REQUIRED WORK: Look through the records and copy each line that has "below" in it.

* * * * * * * * *

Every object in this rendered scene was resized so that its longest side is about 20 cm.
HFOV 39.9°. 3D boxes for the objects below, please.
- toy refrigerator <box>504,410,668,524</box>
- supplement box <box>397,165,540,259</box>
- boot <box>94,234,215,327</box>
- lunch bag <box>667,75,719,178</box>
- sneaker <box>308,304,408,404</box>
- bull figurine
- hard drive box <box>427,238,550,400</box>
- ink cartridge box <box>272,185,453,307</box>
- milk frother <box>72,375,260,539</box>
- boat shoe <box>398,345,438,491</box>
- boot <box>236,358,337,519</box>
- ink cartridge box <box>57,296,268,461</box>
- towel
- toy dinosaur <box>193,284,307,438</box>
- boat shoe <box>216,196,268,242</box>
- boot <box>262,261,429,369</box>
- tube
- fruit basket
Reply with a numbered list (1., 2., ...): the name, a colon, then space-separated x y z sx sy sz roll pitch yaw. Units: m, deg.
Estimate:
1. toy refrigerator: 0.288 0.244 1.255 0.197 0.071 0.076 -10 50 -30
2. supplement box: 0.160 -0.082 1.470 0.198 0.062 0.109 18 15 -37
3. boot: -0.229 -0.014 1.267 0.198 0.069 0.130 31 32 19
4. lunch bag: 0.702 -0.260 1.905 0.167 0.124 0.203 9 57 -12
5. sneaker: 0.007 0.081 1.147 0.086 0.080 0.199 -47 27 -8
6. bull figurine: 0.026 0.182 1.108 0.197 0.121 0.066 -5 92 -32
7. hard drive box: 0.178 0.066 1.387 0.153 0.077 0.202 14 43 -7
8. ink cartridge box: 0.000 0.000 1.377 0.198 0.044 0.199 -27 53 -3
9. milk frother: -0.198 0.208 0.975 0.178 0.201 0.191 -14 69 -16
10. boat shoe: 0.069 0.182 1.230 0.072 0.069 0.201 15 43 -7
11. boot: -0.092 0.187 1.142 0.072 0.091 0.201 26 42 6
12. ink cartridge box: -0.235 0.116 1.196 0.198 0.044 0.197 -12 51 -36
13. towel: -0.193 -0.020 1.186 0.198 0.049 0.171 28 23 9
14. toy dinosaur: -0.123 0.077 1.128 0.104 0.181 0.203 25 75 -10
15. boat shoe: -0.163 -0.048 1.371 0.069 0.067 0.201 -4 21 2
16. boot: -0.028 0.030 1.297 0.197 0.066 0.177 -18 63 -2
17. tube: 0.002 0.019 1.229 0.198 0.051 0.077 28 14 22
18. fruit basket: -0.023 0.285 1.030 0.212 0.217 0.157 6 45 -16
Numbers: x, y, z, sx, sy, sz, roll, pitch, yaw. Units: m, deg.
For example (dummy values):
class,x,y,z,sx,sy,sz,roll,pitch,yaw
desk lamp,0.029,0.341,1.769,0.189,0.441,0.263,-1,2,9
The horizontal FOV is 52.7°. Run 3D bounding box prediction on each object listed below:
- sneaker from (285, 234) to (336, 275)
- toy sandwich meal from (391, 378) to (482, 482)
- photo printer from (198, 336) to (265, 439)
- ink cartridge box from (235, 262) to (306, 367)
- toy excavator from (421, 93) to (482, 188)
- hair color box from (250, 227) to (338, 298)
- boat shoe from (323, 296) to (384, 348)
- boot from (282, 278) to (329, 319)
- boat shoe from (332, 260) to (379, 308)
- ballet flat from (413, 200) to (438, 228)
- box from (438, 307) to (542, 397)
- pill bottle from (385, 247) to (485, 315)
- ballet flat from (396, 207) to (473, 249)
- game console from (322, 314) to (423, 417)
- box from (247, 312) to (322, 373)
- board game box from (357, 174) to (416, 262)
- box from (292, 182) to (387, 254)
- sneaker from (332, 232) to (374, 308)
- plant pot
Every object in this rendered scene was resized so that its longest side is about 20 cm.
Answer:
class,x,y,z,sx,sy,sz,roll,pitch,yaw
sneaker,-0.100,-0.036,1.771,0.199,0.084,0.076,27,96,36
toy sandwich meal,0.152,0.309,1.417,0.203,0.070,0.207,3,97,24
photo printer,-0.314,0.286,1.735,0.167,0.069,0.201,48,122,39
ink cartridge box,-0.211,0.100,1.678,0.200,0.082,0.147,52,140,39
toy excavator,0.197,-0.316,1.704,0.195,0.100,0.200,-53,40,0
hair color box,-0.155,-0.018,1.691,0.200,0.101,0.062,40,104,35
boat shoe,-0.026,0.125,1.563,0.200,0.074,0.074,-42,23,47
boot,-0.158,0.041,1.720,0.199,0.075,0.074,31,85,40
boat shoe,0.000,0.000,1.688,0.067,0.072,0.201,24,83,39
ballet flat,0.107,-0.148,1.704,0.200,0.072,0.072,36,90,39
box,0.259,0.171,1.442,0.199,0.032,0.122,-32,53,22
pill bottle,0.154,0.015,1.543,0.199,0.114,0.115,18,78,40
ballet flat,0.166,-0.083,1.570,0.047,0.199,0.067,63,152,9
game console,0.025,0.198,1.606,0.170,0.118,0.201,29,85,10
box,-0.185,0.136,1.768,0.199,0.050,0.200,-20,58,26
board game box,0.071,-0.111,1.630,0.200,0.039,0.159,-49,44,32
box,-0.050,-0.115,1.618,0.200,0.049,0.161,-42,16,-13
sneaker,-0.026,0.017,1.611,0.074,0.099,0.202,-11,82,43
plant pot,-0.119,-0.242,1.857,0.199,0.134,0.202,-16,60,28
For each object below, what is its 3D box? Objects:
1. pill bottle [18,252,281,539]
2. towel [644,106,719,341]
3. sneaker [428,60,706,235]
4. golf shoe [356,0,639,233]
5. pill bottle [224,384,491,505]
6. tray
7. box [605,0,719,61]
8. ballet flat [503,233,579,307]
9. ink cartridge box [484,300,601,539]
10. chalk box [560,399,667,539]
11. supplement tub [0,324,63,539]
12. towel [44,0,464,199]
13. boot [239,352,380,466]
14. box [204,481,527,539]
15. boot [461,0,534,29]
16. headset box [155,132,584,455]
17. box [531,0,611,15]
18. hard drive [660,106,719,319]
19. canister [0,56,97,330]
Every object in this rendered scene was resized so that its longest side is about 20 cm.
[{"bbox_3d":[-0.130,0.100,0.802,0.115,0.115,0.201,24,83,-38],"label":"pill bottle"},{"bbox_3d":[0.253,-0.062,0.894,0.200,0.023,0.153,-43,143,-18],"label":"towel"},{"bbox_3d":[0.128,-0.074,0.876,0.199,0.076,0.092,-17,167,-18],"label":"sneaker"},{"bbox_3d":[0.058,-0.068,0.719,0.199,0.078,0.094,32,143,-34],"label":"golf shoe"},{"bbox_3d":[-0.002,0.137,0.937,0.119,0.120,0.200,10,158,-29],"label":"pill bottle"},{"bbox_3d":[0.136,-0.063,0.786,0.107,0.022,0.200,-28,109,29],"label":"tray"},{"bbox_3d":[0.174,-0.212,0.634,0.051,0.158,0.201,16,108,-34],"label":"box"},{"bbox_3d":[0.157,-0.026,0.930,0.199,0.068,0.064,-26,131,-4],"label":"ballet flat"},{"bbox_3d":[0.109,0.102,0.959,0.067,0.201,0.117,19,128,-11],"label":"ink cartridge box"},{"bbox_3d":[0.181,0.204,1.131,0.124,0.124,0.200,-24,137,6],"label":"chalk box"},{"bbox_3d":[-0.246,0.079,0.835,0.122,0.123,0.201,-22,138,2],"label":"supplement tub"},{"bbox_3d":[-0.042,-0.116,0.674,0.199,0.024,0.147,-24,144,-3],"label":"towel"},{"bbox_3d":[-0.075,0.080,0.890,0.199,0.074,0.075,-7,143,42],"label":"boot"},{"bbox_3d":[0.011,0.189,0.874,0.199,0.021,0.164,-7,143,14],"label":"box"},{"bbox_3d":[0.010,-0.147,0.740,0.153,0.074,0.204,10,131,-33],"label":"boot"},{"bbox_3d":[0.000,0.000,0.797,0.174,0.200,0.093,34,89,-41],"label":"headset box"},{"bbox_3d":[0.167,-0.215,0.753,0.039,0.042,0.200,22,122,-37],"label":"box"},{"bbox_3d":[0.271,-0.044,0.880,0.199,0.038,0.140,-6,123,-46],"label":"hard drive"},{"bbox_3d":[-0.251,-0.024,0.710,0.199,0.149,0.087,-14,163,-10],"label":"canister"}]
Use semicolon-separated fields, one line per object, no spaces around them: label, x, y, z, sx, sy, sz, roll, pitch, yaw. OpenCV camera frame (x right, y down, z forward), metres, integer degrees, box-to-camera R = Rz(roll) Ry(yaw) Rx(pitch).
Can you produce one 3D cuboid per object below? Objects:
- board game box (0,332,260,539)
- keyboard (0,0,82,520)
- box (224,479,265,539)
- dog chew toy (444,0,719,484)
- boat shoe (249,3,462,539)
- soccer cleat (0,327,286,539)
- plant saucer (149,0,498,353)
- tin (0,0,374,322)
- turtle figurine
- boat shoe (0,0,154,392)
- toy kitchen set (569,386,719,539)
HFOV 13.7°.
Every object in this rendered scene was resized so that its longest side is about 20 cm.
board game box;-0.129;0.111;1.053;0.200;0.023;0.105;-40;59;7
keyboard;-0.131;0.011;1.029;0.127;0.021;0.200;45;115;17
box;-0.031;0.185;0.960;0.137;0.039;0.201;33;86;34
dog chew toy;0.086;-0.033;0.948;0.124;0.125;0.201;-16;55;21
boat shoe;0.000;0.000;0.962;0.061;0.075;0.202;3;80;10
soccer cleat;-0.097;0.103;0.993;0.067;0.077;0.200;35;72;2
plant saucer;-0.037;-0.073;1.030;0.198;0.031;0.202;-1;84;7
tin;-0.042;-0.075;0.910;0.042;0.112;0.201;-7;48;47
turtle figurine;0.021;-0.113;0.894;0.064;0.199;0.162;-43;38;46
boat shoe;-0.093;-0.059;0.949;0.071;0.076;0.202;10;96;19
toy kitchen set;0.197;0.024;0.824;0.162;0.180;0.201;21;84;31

* * * * * * * * *

FINISHED TASK:
HFOV 39.9°. 3D boxes for the objects below, please.
The horizontal FOV is 52.7°. Run 3D bounding box prediction on each object listed below:
For each object below, what is its 3D box? Objects:
Can you produce one 3D cuboid per object below? Objects:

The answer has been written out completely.